§ Supplied entries

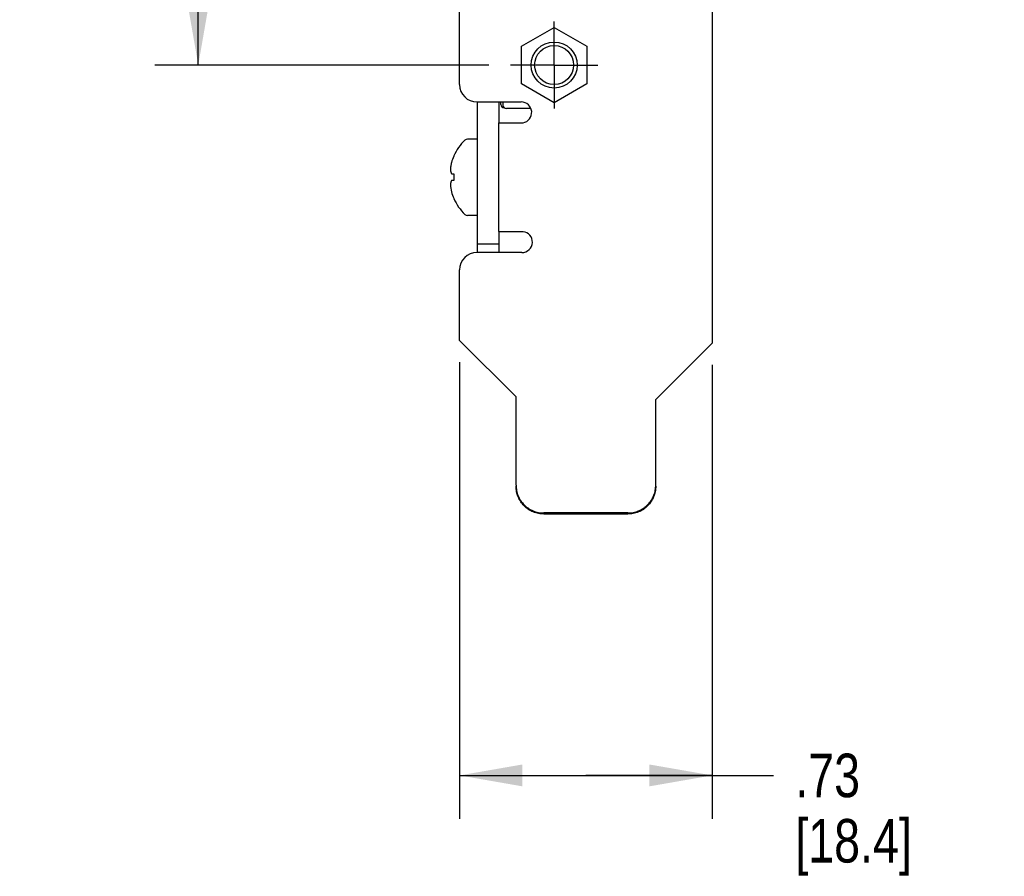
# Model space of a CAD drawing. Header units: inches. Extents: x 0 to 22, y 0 to 17.
# Tile 20 of 44: x 6.9 to 9.8, y 7.3 to 9.8. Entities that reach past the tile are written whole.
import ezdxf

# ---------------------------------------------------------------- set-up
doc = ezdxf.new("R2010")
doc.units = ezdxf.units.IN
doc.header["$LTSCALE"] = 1.21
doc.header["$MEASUREMENT"] = 0
doc.linetypes.add('CENTER', pattern=[0.6, 0.375, -0.075, 0.075, -0.075])
doc.layers.get('0').update_dxf_attribs({"linetype": 'CONTINUOUS'})
doc.layers.add('DEFAULT_1', color=7, linetype='CENTER')
doc.layers.add('DIMENSIONS', color=7, linetype='CONTINUOUS')
doc.styles.get("Standard").update_dxf_attribs({"font": 'txt', "width": 0.8})
doc.dimstyles.new('DIMSTYLE_1', dxfattribs={"dimtxt": 0.125, "dimasz": 0.18, "dimexe": 0.18, "dimexo": 0.0625, "dimgap": 0.09, "dimtad": 0, "dimtih": 1, "dimtoh": 1, "dimzin": 4, "dimdsep": 46, "dimtxsty": 'STANDARD', "dimblk": '_FILLED', "dimblk1": '_FILLED', "dimblk2": '_FILLED', "dimcen": 0.09, "dimadec": 0, "dimazin": 0, "dimtfac": 1, "dimtofl": 0, "dimtmove": 0, "dimatfit": 3, "dimldrblk": '_FILLED', "dimfxl": 1, "dimtolj": 1, "dimtzin": 4, "dimarcsym": 0})

# ---------------------------------------------------------------- blocks, each defined once
blk = doc.blocks.new('_FILLED')
at = {"color": 0, "linetype": 'BYBLOCK'}
blk.add_solid([(0, 0), (-1, 0.174), (-1, -0.174)], dxfattribs=at)
blk = doc.blocks.new('*D8')
at = {"layer": 'DIMENSIONS', "color": 2, "linetype": 'CONTINUOUS'}
for p, q in [((8.187, 8.7831), (8.187, 7.4723)), ((8.912, 8.7751), (8.912, 7.4723)), ((8.187, 7.5973), (8.5495, 7.5973)), ((8.912, 7.5973), (8.5495, 7.5973)), ((8.5495, 7.5973), (9.0879, 7.5973))]:
    blk.add_line(p, q, dxfattribs=at)
at = {"layer": 'DIMENSIONS', "color": 2, "linetype": 'CONTINUOUS', "xscale": 0.18, "yscale": 0.18, "zscale": 0.18, "rotation": 180}
blk.add_blockref('_FILLED', (8.187, 7.5973), dxfattribs=at)
at = {"layer": 'DIMENSIONS', "color": 2, "linetype": 'CONTINUOUS', "xscale": 0.18, "yscale": 0.18, "zscale": 0.18}
blk.add_blockref('_FILLED', (8.912, 7.5973), dxfattribs=at)
at = {"layer": 'DIMENSIONS', "color": 2, "linetype": 'CONTINUOUS', "insert": (9.1504, 7.6598), "char_height": 0.125, "width": 0.6, "attachment_point": 1, "line_spacing_factor": 0.9}
blk.add_mtext('.73\\P[18.4]', dxfattribs=at)
blk = doc.blocks.new('*D11')
at = {"layer": 'DIMENSIONS', "color": 2, "linetype": 'CONTINUOUS'}
for p, q in [((8.2711, 10.5856), (7.312, 10.5856)), ((7.437, 10.5856), (7.437, 10.3352)), ((7.437, 9.6356), (7.437, 9.8665)), ((8.2708, 9.6356), (7.312, 9.6356))]:
    blk.add_line(p, q, dxfattribs=at)
at = {"layer": 'DIMENSIONS', "color": 2, "linetype": 'CONTINUOUS', "xscale": 0.18, "yscale": 0.18, "zscale": 0.18}
for p, rotation in [((7.437, 10.5856), 90), ((7.437, 9.6356), 270)]:
    blk.add_blockref('_FILLED', p, dxfattribs=dict(at, rotation=rotation))
at = {"layer": 'DIMENSIONS', "color": 2, "linetype": 'CONTINUOUS', "insert": (7.437, 10.2727), "char_height": 0.125, "width": 1.025, "attachment_point": 2, "line_spacing_factor": 0.9}
blk.add_mtext('.95{\\Ftxt.shx;\\W1.000000;\\H0.125000; }[24.1]\\PTYP', dxfattribs=at)

msp = doc.modelspace()

# ---------------------------------------------------------------- linework, layer by layer
at = {"color": 3, "linetype": 'CONTINUOUS'}
for p, q in [((8.912, 12.8536), (8.912, 8.8376)), ((8.187, 9.5796), (8.187, 11.1696)), ((8.237, 9.5296), (8.364, 9.5296)), ((8.299, 9.4696), (8.369, 9.4696)), ((8.299, 9.4696), (8.299, 9.1576)), ((8.299, 9.1576), (8.369, 9.1576)), ((8.366, 9.0976), (8.237, 9.0976)), ((8.187, 8.8456), (8.187, 9.0476)), ((8.349, 8.6836), (8.187, 8.8456)), ((8.912, 8.8376), (8.75, 8.6756)), ((8.349, 8.43), (8.349, 8.6836)), ((8.75, 8.43), (8.75, 8.6756)), ((8.67, 8.3503), (8.429, 8.3503))]:
    msp.add_line(p, q, dxfattribs=at)
at = {"color": 7, "linetype": 'CONTINUOUS'}
for p, q in [((8.3649, 9.6896), (8.4584, 9.7436)), ((8.4584, 9.7436), (8.5519, 9.6896)), ((8.3649, 9.5816), (8.3649, 9.6896)), ((8.5519, 9.6896), (8.5519, 9.5816)), ((8.4584, 9.5276), (8.3649, 9.5816)), ((8.5519, 9.5816), (8.4584, 9.5276)), ((8.2375, 9.5296), (8.2375, 9.0976)), ((8.3, 9.5296), (8.3, 9.4696)), ((8.3054, 9.5226), (8.3054, 9.5296)), ((8.3114, 9.5296), (8.3114, 9.5206)), ((8.3915, 9.5106), (8.3214, 9.5106)), ((8.2375, 9.4231), (8.2095, 9.4231)), ((8.1706, 9.3746), (8.1708, 9.3744)), ((8.1707, 9.3741), (8.1706, 9.3738)), ((8.1708, 9.3744), (8.1707, 9.3741)), ((8.1639, 9.3231), (8.1706, 9.3231)), ((8.1706, 9.3041), (8.1639, 9.3041)), ((8.1706, 9.3231), (8.1707, 9.3231)), ((8.1708, 9.3041), (8.1706, 9.3041)), ((8.1707, 9.3231), (8.1708, 9.3231)), ((8.1708, 9.2527), (8.1706, 9.2526)), ((8.2375, 9.2041), (8.2095, 9.2041)), ((8.3, 9.1576), (8.3, 9.0976)), ((8.2375, 9.1226), (8.3, 9.1226)), ((8.67, 8.3473), (8.429, 8.3473))]:
    msp.add_line(p, q, dxfattribs=at)
for radius in [0.066, 0.056]:
    msp.add_circle((8.4584, 9.6356), radius, dxfattribs=at)
at = {"color": 3, "linetype": 'CONTINUOUS'}
for centre, radius, start, end in [((8.237, 9.5796), 0.05, 180, 270), ((8.364, 9.4996), 0.03, 279.5941, 90), ((8.366, 9.1276), 0.03, 270, 84.2608), ((8.237, 9.0476), 0.05, 90, 180), ((8.6711, 8.43), 0.0789, 357.8098, 359.9985)]:
    msp.add_arc(centre, radius, start, end, dxfattribs=at)
at = {"color": 7, "linetype": 'CONTINUOUS'}
for centre, radius, start, end in [((8.3154, 9.5226), 0.01, 179.9848, 269.9848), ((8.3214, 9.5206), 0.01, 179.9848, 269.9848), ((8.3063, 9.3136), 0.1489, 134.2298, 155.7812), ((8.2095, 9.4131), 0.01, 90, 134.2298), ((8.272, 9.3279), 0.1117, 165.6262, 168.332), ((8.3063, 9.3136), 0.1486, 156.0708, 163.5774), ((8.2702, 9.3282), 0.1098, 173.6643, 176.4486), ((8.1976, 9.339), 0.0372, 186.1363, 189.7386), ((8.1985, 9.3391), 0.0381, 189.7336, 193.3017), ((8.2706, 9.3281), 0.1103, 170.9792, 173.663), ((8.1997, 9.3394), 0.0393, 193.2941, 196.8135), ((8.2712, 9.328), 0.1109, 168.334, 170.9778), ((8.2012, 9.3398), 0.0409, 196.8039, 200.3409), ((8.2032, 9.3406), 0.043, 200.3292, 203.9589), ((8.1999, 9.2877), 0.0396, 163.1972, 166.6953), ((8.2015, 9.2872), 0.0413, 159.6723, 163.1829), ((8.2035, 9.2865), 0.0434, 156.0578, 159.6542), ((8.3404, 9.3136), 0.1698, 176.8012, 183.1988), ((8.1977, 9.2882), 0.0374, 170.2673, 173.8578), ((8.2709, 9.2991), 0.1105, 183.5672, 194.3956), ((8.1987, 9.288), 0.0383, 166.7067, 170.2581), ((8.3063, 9.3136), 0.1486, 196.4226, 203.9292), ((8.3072, 9.3136), 0.1493, 203.8007, 204.051), ((8.3063, 9.3136), 0.1489, 204.2188, 225.7702), ((8.2095, 9.2141), 0.01, 225.7702, 270)]:
    msp.add_arc(centre, radius, start, end, dxfattribs=at)
at = {"color": 3, "linetype": 'CONTINUOUS'}
for points, knots in [([(8.349, 8.43), (8.349, 8.4248), (8.3498, 8.417), (8.3523, 8.4068), (8.355, 8.3995), (8.3583, 8.3924), (8.3637, 8.3834), (8.3721, 8.3733), (8.3822, 8.365), (8.3912, 8.3596), (8.3983, 8.3563), (8.4057, 8.3536), (8.4159, 8.3511), (8.4238, 8.3503), (8.429, 8.3503)], [0, 0, 0, 0, 0.124648, 0.18713, 0.249587, 0.312041, 0.374513, 0.499391, 0.624361, 0.686946, 0.749551, 0.812193, 0.874885, 1, 1, 1, 1]), ([(8.67, 8.3503), (8.6751, 8.3503), (8.6828, 8.351), (8.6927, 8.3535), (8.6999, 8.356), (8.7069, 8.3592), (8.7135, 8.363), (8.7198, 8.3675), (8.7275, 8.3742), (8.7342, 8.382), (8.7396, 8.3906), (8.7431, 8.3974), (8.7459, 8.4045), (8.7487, 8.4143), (8.7497, 8.4219), (8.7499, 8.427)], [0, 0, 0, 0, 0.125084, 0.187762, 0.250391, 0.312982, 0.375551, 0.438108, 0.500644, 0.625505, 0.687968, 0.750408, 0.812845, 0.875301, 1, 1, 1, 1])]:
    msp.add_open_spline(points, degree=3, knots=knots, dxfattribs=at)
at = {"color": 7, "linetype": 'CONTINUOUS'}
for points, knots in [([(8.429, 8.3473), (8.4238, 8.3473), (8.4159, 8.348), (8.4057, 8.3506), (8.3983, 8.3532), (8.3912, 8.3566), (8.3822, 8.3619), (8.3721, 8.3702), (8.3637, 8.3804), (8.3583, 8.3893), (8.355, 8.3964), (8.3523, 8.4038), (8.3498, 8.4139), (8.349, 8.4217), (8.349, 8.427)], [0, 0, 0, 0, 0.125115, 0.187807, 0.250449, 0.313054, 0.375639, 0.500609, 0.625487, 0.687959, 0.750413, 0.81287, 0.875352, 1, 1, 1, 1]), ([(8.75, 8.427), (8.75, 8.4217), (8.7492, 8.4139), (8.7467, 8.4038), (8.744, 8.3964), (8.7407, 8.3893), (8.7353, 8.3804), (8.7269, 8.3702), (8.7167, 8.3619), (8.7078, 8.3566), (8.7007, 8.3532), (8.6932, 8.3506), (8.6831, 8.348), (8.6752, 8.3473), (8.67, 8.3473)], [0, 0, 0, 0, 0.124648, 0.18713, 0.249587, 0.312041, 0.374513, 0.499391, 0.624361, 0.686946, 0.749551, 0.812193, 0.874885, 1, 1, 1, 1])]:
    msp.add_open_spline(points, degree=3, knots=knots, dxfattribs=at)
at = {"layer": 'DEFAULT_1', "color": 7, "linetype": 'CENTER'}
for q in [(8.4584, 9.7607), (8.3333, 9.6356), (8.5835, 9.6356), (8.4584, 9.5105)]:
    msp.add_line((8.4584, 9.6356), q, dxfattribs=at)

# ---------------------------------------------------------------- dimensions: what is measured, and where the dimension line sits
at = {"layer": 'DIMENSIONS', "color": 2, "linetype": 'CONTINUOUS'}
dim = msp.add_linear_dim(base=(7.437, 9.6356), p1=(8.2711, 10.5856), p2=(8.2708, 9.6356), angle=270, text='<>\\PTYP', dimstyle='DIMSTYLE_1', dxfattribs=at)
dim.commit()
dim.dimension.update_dxf_attribs({"geometry": '*D11', "text_midpoint": (7.337, 10.1009), "dimtype": 160})
dim = msp.add_linear_dim(base=(8.1869880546, 7.5972580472), p1=(8.9119880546, 8.7750866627), p2=(8.1869880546, 8.7830866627), angle=180, dimstyle='DIMSTYLE_1', dxfattribs=at)
dim.commit()
dim.dimension.update_dxf_attribs({"geometry": '*D8', "text_midpoint": (9.4503652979, 7.5035080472), "dimtype": 160})

doc.saveas('drawing.dxf')

§ Work item
For every line in the listing above that mentions the word "width", make a copy.

§ Response to this exercise
doc.styles.get("Standard").update_dxf_attribs({"font": 'txt', "width": 0.8})
at = {"layer": 'DIMENSIONS', "color": 2, "linetype": 'CONTINUOUS', "insert": (9.1504, 7.6598), "char_height": 0.125, "width": 0.6, "attachment_point": 1, "line_spacing_factor": 0.9}
at = {"layer": 'DIMENSIONS', "color": 2, "linetype": 'CONTINUOUS', "insert": (7.437, 10.2727), "char_height": 0.125, "width": 1.025, "attachment_point": 2, "line_spacing_factor": 0.9}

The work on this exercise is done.